WHP’s SNPs focus on monitoring health status, managing chronic diseases, avoiding inappropriate hospitalizations, and helping beneficiaries move from high risk to lower risk on the care continuum. The goal is to ensure, through early and appropriate clinical interventions, that SNP members in all settings receive quality care which is timely, effective, efficient, equitable, safe, and patient centered.
CMS-Required Reporting
WHP collects, analyzes, and reports data from CMS-required reporting on quality and outcome measures. Collection and analysis of the data permit WHP to measure health outcomes and other indices of quality and to utilize the data to identify opportunities for improvement. These data sources include:
Healthcare Effectiveness Data and Information Set (HEDIS®) – This is a set of standardized performance measures designed to ensure that consumers have the information they need for reliable comparison of organization performance. Specific areas of concentration include: effectiveness of care, access/availability of care, and improving our members’ ability to make informed health care choices.

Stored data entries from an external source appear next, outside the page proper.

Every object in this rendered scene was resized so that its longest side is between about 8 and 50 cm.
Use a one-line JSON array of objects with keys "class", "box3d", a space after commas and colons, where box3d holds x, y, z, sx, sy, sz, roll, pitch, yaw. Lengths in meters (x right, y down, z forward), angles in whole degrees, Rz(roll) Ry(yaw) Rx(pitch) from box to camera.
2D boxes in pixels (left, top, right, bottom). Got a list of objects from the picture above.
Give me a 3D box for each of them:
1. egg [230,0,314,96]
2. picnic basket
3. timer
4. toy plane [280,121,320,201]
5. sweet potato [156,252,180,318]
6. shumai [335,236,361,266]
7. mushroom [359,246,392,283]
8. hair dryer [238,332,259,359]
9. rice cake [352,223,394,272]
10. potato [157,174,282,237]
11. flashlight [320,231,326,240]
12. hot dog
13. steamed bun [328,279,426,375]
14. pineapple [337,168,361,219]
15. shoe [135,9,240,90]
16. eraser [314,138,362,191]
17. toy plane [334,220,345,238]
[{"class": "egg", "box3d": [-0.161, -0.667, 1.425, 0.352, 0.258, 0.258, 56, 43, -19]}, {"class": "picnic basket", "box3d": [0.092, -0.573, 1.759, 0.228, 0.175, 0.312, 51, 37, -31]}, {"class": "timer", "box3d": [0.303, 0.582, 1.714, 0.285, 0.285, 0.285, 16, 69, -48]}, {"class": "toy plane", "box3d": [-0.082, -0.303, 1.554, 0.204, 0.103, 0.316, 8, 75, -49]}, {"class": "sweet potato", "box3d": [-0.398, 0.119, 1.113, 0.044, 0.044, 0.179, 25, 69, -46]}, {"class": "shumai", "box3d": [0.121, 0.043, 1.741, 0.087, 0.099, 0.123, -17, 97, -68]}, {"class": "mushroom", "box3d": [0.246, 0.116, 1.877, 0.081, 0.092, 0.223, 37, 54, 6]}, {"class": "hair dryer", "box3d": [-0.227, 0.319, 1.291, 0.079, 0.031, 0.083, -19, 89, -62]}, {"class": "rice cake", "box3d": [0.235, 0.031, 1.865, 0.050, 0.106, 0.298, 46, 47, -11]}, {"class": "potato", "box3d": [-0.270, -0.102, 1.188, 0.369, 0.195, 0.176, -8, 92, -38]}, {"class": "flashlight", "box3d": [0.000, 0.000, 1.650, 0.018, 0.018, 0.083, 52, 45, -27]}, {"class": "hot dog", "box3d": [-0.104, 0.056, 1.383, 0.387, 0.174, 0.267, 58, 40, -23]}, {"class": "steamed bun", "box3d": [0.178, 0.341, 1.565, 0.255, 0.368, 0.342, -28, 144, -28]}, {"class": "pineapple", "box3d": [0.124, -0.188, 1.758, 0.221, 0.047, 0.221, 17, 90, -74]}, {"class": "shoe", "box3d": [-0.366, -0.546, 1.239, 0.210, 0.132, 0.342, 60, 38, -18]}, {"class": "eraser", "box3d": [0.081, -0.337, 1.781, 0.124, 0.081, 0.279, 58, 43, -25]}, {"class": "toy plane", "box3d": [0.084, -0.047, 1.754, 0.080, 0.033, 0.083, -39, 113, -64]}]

Consumer Assessment of Healthcare Providers and Systems (CAHPS®) Surveys – A comprehensive and evolving family of standardized surveys that ask consumers and patients to report on and evaluate their experiences with health care. These surveys cover topics that are important to consumers, such as the communication skills of providers and the accessibility of services.
Medicare Health Outcomes Survey (HOS®) - The goal of the Medicare HOS program is to gather valid and reliable health status data in Medicare managed care for use in quality improvement activities, plan accountability, public reporting, and improving health. All managed care plans with Medicare Advantage (MA) contracts must participate.